Le titre un peu surprenant renvoie directement au film de Jonas Mekas « Reminiscences to a journey to Lithuania » dans lequel le cinéaste évoque la perte du pays de l’enfance et de la jeunesse en utilisant des séquences tournées dans divers lieux. Tous les endroits filmés sont appréhendés à travers le filtre du souvenir et non pour ce qu’ils représentent réellement dans l’actualité contemporaine. Ainsi on passe de New-York à Seminiskiai, puis à Hambourg et enfin Vienne. Mekas tente de filmer ce qui n’est plus, ce qui rappelle par évocation, ressemblance, ce qui ne peut être montré.
Sur un plan anecdotique, la série de photos qui composent « Reminiscences » a été initiée dès 1991 alors que mes enfants étaient petits. À cette époque, je les accompagnais très souvent à la pêche au bord de la rivière. J’ai commencé alors en collectant de menus objets trouvés sur les berges à reformuler des images, des évocations de mes périples autour du monde. Formes volontairement très modestes, dépouillées de tout artifice, assemblées, redressées, sublimées par le cadrage… comme autant de petits tremblements mémoriels. Dépourvues de toute mélancolie, ces modestes constructions d’objets mis en scène cherchent autant à rappeler qu’à échapper au territoire de mes archives photographiques où elles existent dans des formes plus documentaires. Images d’images, régurgitations et ressassements, elles débordent de leur cadre initial.

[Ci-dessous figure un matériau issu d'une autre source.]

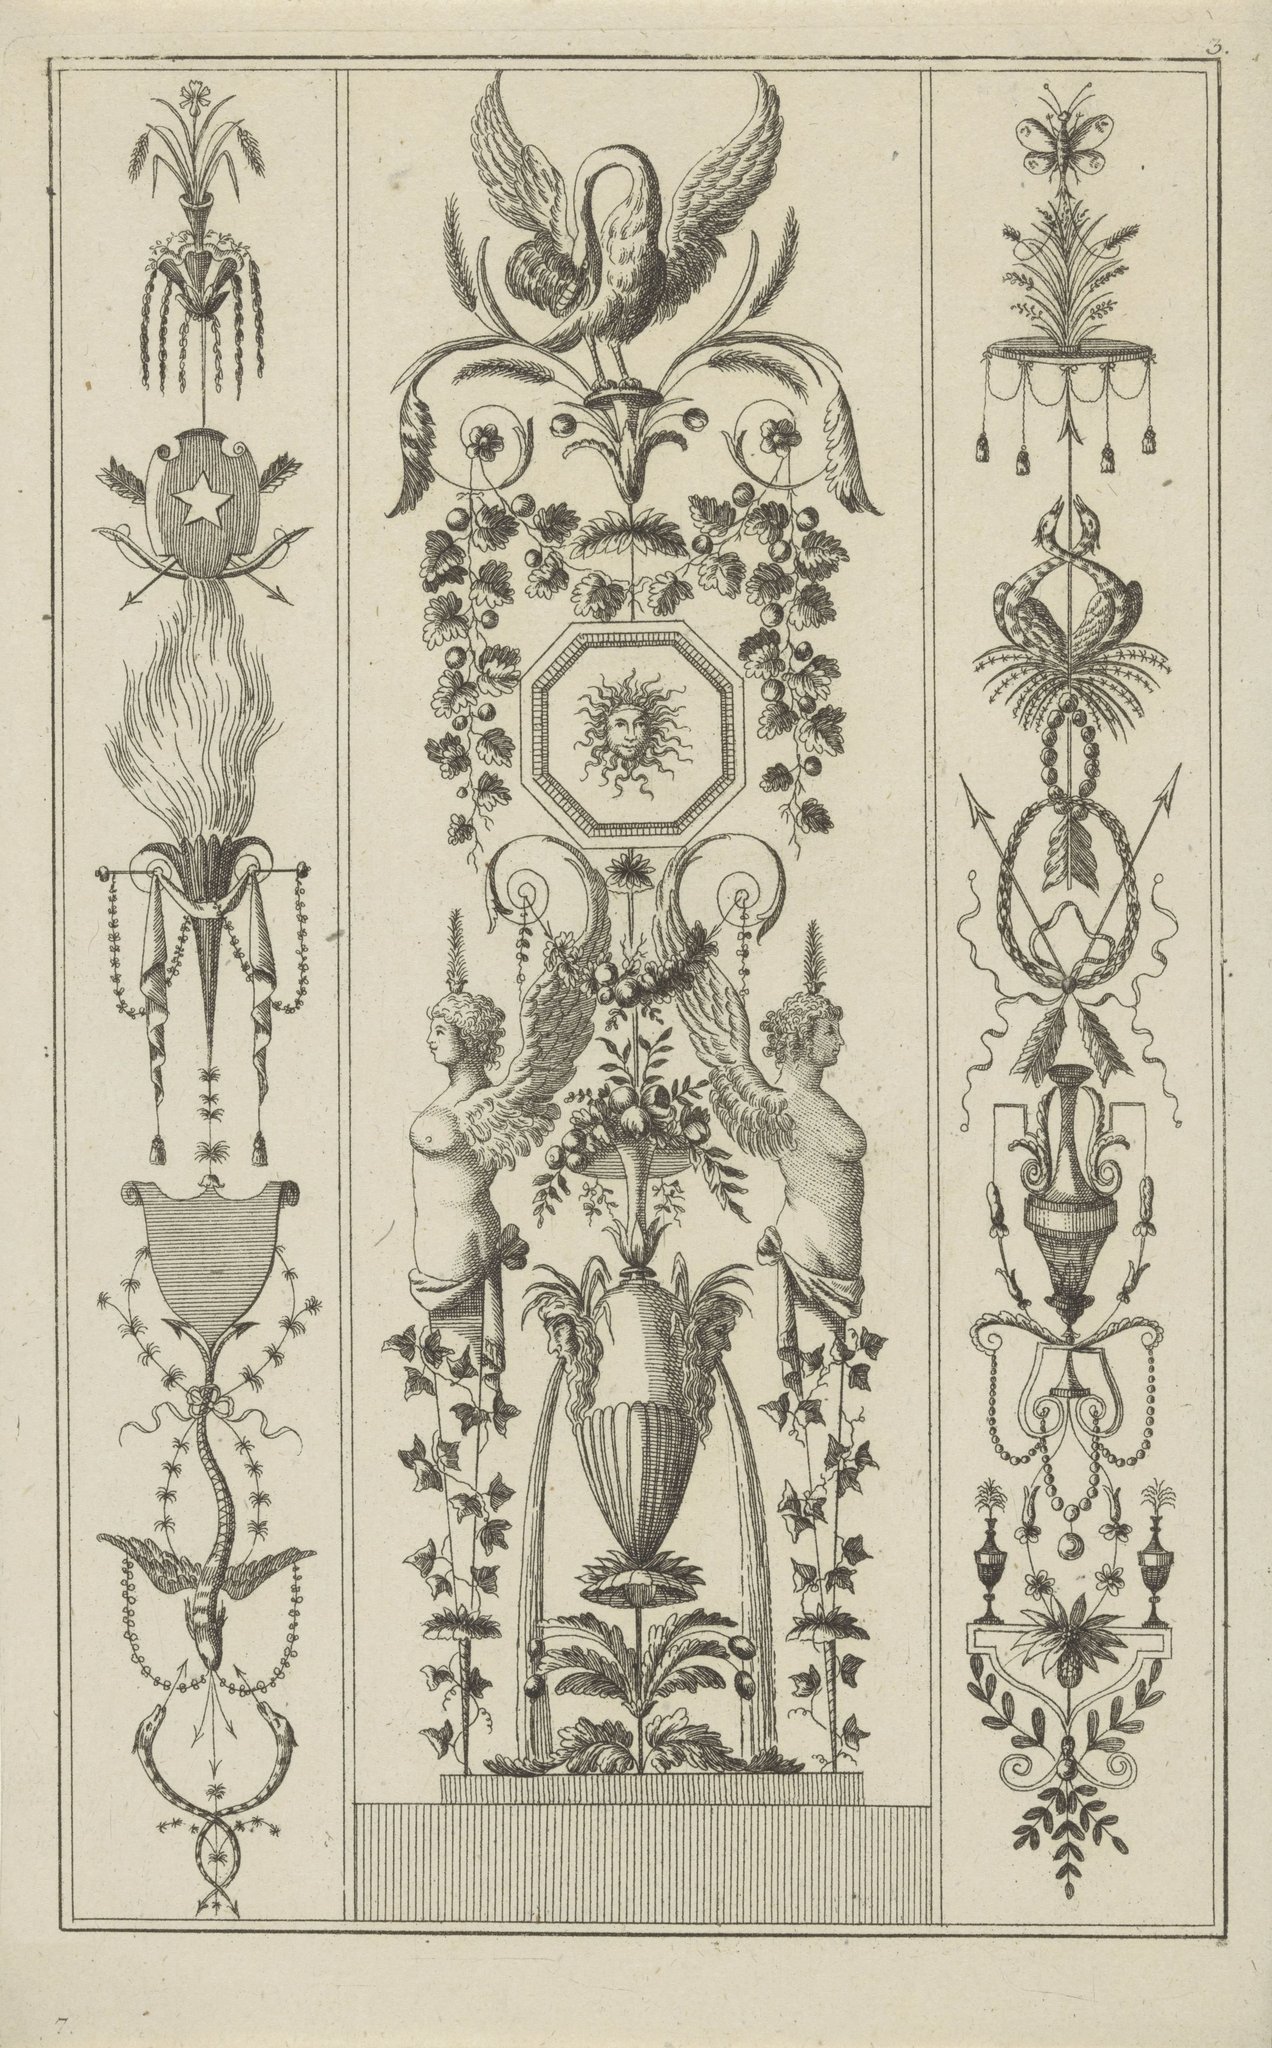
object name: print
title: Arabesken met gevleugelde vrouwen
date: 1780-1830
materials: paper
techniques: etching
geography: augsburg
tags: fabulous beings with wings - aa - female human figure, ornament ~ arabesque
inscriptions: collector's mark: Lugt 2228, collector's mark: Lugt 2760
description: Drie pilasters arabeskontwerpen met speren, een zwaan, een medaillon, twee gevleugelde vrouwfiguren en een fontein.
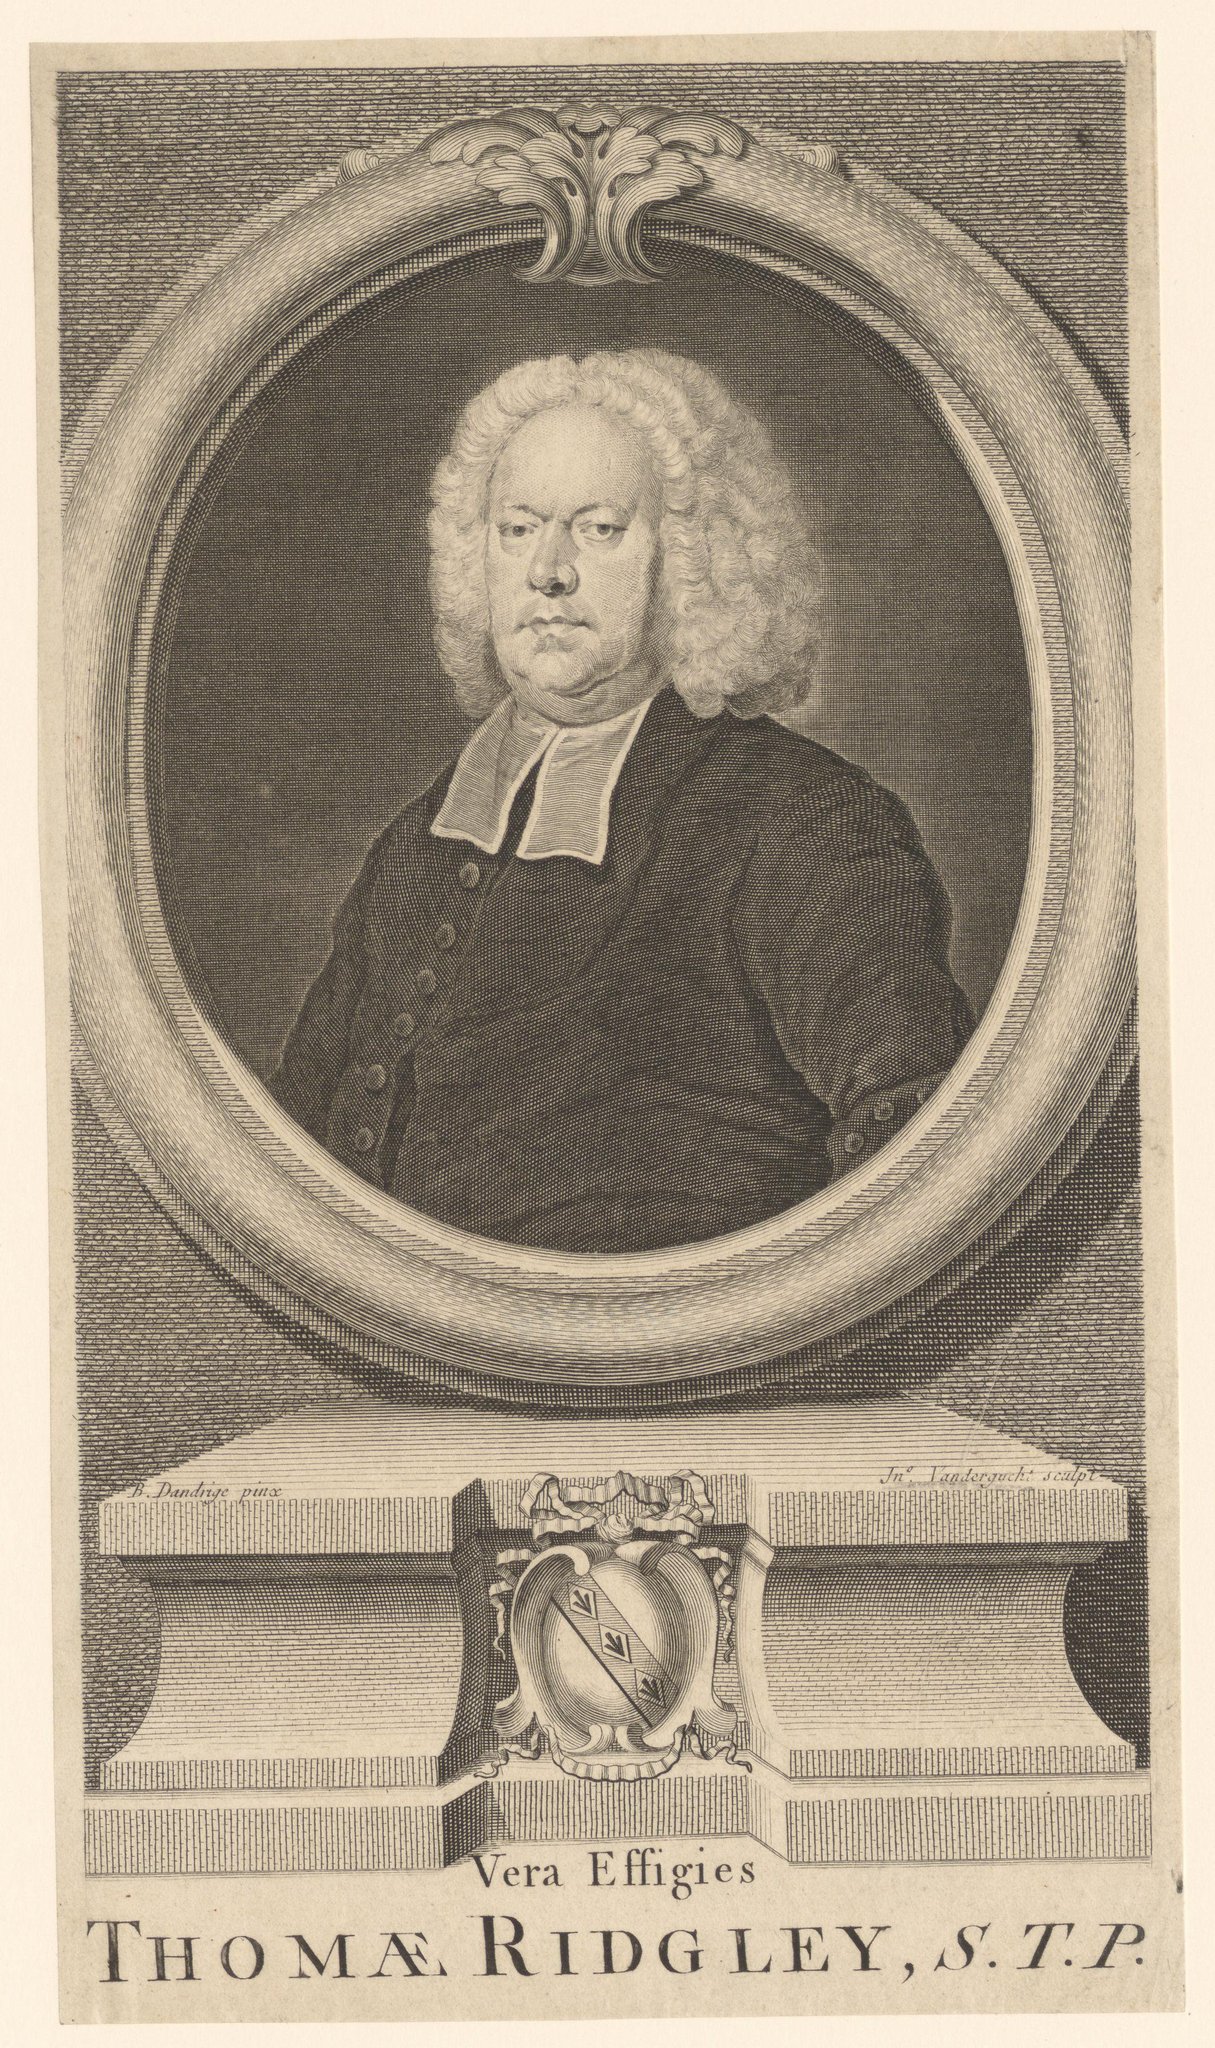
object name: print
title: Thomae Ridgley, S.T.P.
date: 1731
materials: paper
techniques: engraving, etching
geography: england
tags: london, theologian, historical persons
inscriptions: collector's mark: Lugt 2228

Les souvenirs que j’évoque ne peuvent être transmis qu’à travers ces photographies aux formes pauvres, aux objets sans particularités notables, à cet éloignement que crée la métaphore, l’association par analogie. Reste le souvenir comme une flamme fragile, lancinante qui se réactive à la moindre sollicitation mais qui désigne aussi ce qui ne sera jamais plus. Au voyage dans l’espace physique du monde se substitue maintenant un autre itinéraire parcourant la mémoire du monde, ce qui reste une fois que l’entropie des jours est passée par là.